Germ-line disruption of the Stat5a gene and complete loss of Stat5a expression not only impair lactation but also result in decreased survival of mammary epithelial cells (210
). Complete loss of Stat5a promotes apoptosis of TGFα over-expressing mammary epithelial cells during mammary gland involution and delays development of TGFα -induced mammary hyperplasia and cancer in a mouse model (210
). Germ-line disruption of just one Stat5a allele results in reduced Stat5a expression levels in mammary epithelial cells (319
). Reduced Stat5a expression levels result in significantly increased levels of apoptosis of mammary adenocarcinoma cells and delay tumorigenesis in the whey acidic protein-TAg mouse model of mammary gland cancer progression (319
). Germ-line disruption of both Stat5a and Stat5b genes results in the loss of both Stat5a and Stat5b in mammary epithelial cells (320
); as a consequence, these cells fail to differentiate into alveolar cells during pregnancy.
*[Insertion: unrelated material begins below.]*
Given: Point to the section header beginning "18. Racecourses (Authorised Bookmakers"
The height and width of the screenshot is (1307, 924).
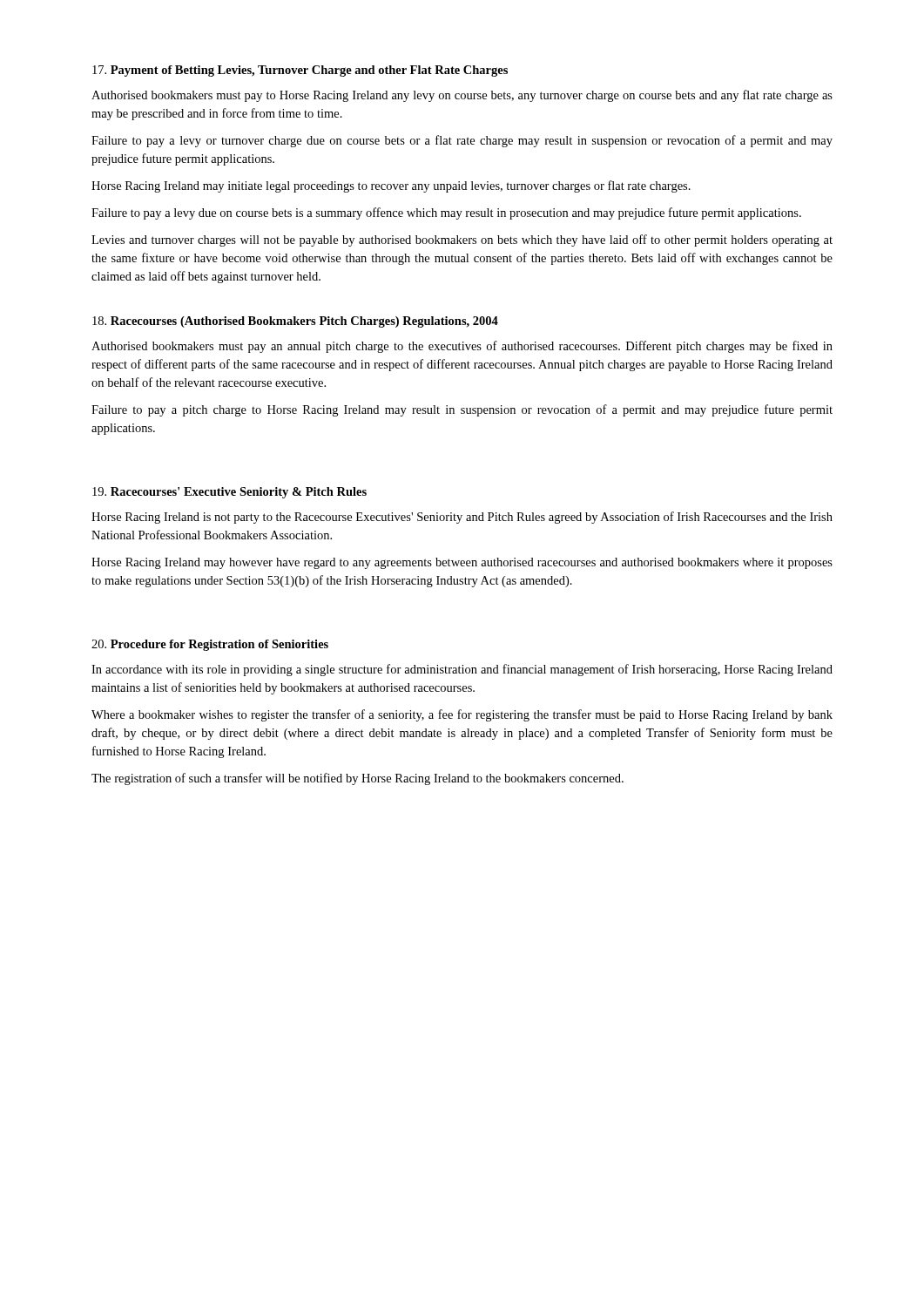Looking at the screenshot, I should pyautogui.click(x=295, y=321).

Gain of SOCS1 function through expression of a SOCS1-encoding transgene in mammary epithelial cells results in decreased levels of Stat5 activation and impaired lactation (321
). Loss of SOCS1/CIS1/SSI1 function by germ-line disruption of the SOCS1/CIS1 genes increases levels of Stat5 activation and accelerates mammary gland development during pregnancy (308
). Haploid loss of SOCS1 function is sufficient to rescue the lactation defect in haploid-deficient PRLR mice (308
). Changes in either proliferation or survival of mammary epithelial cells were not determined directly in the gain of SOCS1/CIS1/SSI1 function mouse model and no molecules in the MAPK pathway were studied. In contrast, the MAPK pathway has been examined in the loss of SOCS1 function mice. In these mice a decrease in phosphorylated ERK1/2 was reported. Thus, further analysis of these signaling pathways and associated functions in these mouse models should further delineate the role of SOCS1 in mammary cancer development.